Task statement = Once a line is found to contain "part", copy it out of the listing.

Dataset extract =
========================================
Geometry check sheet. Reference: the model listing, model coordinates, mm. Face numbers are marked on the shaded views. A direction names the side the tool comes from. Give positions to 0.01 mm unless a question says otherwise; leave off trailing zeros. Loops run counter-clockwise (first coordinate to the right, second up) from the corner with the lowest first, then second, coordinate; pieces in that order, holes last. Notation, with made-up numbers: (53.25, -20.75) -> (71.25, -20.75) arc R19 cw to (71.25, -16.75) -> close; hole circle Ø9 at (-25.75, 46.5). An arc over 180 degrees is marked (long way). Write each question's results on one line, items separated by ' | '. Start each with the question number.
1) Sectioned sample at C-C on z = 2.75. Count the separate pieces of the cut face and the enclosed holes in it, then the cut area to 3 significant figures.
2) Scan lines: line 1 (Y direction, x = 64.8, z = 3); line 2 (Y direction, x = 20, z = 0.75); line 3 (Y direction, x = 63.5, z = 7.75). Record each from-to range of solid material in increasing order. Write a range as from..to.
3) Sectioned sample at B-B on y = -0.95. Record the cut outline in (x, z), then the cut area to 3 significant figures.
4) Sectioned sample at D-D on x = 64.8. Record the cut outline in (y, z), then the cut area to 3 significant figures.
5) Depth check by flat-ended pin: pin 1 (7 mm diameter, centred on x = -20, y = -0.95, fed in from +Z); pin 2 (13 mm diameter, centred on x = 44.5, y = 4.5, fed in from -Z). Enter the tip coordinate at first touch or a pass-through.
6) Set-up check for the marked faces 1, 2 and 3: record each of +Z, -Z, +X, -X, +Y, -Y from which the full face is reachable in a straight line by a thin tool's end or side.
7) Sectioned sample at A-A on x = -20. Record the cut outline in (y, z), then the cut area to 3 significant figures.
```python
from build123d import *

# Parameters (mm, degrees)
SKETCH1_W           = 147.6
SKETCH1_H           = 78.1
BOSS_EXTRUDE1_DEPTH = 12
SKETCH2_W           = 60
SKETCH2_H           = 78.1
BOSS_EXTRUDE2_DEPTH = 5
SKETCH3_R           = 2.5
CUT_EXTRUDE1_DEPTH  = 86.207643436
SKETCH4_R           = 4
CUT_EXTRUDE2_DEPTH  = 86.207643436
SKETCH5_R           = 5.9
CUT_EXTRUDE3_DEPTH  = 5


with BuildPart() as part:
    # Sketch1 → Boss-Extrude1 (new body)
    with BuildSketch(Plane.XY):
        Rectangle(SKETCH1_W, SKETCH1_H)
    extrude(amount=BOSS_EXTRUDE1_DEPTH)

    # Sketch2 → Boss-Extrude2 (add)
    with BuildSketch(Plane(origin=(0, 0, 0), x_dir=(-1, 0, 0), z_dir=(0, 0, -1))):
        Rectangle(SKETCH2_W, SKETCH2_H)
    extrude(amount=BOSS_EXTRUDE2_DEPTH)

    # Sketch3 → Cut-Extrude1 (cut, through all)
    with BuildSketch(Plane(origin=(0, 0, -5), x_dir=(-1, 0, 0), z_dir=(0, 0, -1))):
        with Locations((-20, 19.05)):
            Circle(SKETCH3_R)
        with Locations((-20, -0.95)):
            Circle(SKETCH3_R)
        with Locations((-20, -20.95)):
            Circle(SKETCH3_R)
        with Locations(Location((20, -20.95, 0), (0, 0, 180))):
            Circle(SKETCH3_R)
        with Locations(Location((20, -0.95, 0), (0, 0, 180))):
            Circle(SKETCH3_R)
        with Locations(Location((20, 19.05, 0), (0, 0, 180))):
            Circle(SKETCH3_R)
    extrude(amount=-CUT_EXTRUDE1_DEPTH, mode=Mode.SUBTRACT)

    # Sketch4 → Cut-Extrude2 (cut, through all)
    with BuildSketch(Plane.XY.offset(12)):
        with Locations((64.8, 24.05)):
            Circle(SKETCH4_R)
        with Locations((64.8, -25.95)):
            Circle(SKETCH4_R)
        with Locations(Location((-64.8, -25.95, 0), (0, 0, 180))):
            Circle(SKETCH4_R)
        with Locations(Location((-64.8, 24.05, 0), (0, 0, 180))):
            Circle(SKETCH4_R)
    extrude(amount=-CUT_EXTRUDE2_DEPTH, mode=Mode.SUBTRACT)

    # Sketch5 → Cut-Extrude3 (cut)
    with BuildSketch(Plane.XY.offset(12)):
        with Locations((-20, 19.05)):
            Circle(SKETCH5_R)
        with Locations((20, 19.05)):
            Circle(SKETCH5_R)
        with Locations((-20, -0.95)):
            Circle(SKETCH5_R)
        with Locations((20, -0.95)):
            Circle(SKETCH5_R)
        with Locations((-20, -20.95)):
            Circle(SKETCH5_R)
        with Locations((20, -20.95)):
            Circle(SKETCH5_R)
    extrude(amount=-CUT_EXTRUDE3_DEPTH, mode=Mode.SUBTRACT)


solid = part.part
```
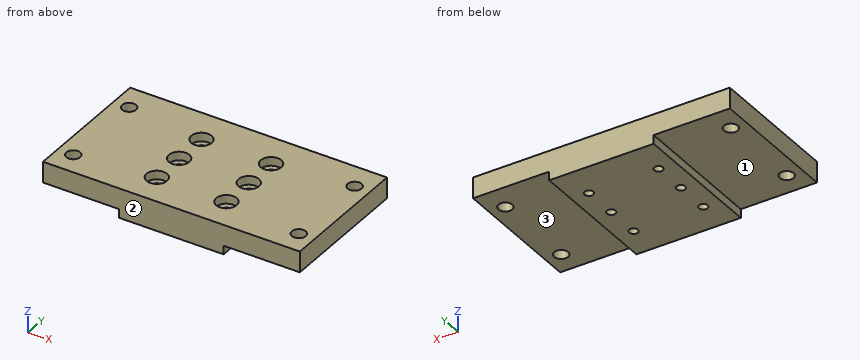
Result:
1) separate pieces: 1 | enclosed holes: 10 | area: 11,200 mm^2
2) line 1: -39.05..-29.95, -21.95..20.05, 28.05..39.05 | line 2: -39.05..-23.45, -18.45..-3.45, 1.55..16.55, 21.55..39.05 | line 3: -39.05..-29.73, -22.17..20.27, 27.83..39.05
3) outline: (-73.8, 0) -> (-30, 0) -> (-30, -5) -> (-22.5, -5) -> (-22.5, 7) -> (-25.9, 7) -> (-25.9, 12) -> (-73.8, 12) -> close; (-17.5, -5) -> (17.5, -5) -> (17.5, 7) -> (14.1, 7) -> (14.1, 12) -> (-14.1, 12) -> (-14.1, 7) -> (-17.5, 7) -> close; (22.5, -5) -> (30, -5) -> (30, 0) -> (73.8, 0) -> (73.8, 12) -> (25.9, 12) -> (25.9, 7) -> (22.5, 7) -> close | area: 1,830 mm^2
4) outline: (-39.05, 0) -> (-29.95, 0) -> (-29.95, 12) -> (-39.05, 12) -> close; (-21.95, 0) -> (20.05, 0) -> (20.05, 12) -> (-21.95, 12) -> close; (28.05, 0) -> (39.05, 0) -> (39.05, 12) -> (28.05, 12) -> close | area: 745 mm^2
5) pin 1: z = 7 | pin 2: z = 0
6) face 1: -Z, -X, +Y, -Y | face 2: +Z, -Z, +X, -X, -Y | face 3: -Z, +X, +Y, -Y
7) outline: (-39.05, -5) -> (-23.45, -5) -> (-23.45, 7) -> (-26.85, 7) -> (-26.85, 12) -> (-39.05, 12) -> close; (-18.45, -5) -> (-3.45, -5) -> (-3.45, 7) -> (-6.85, 7) -> (-6.85, 12) -> (-15.05, 12) -> (-15.05, 7) -> (-18.45, 7) -> close; (1.55, -5) -> (16.55, -5) -> (16.55, 7) -> (13.15, 7) -> (13.15, 12) -> (4.95, 12) -> (4.95, 7) -> (1.55, 7) -> close; (21.55, -5) -> (39.05, -5) -> (39.05, 12) -> (24.95, 12) -> (24.95, 7) -> (21.55, 7) -> close | area: 971 mm^2
========================================
Solution for this exercise =
with BuildPart() as part:
solid = part.part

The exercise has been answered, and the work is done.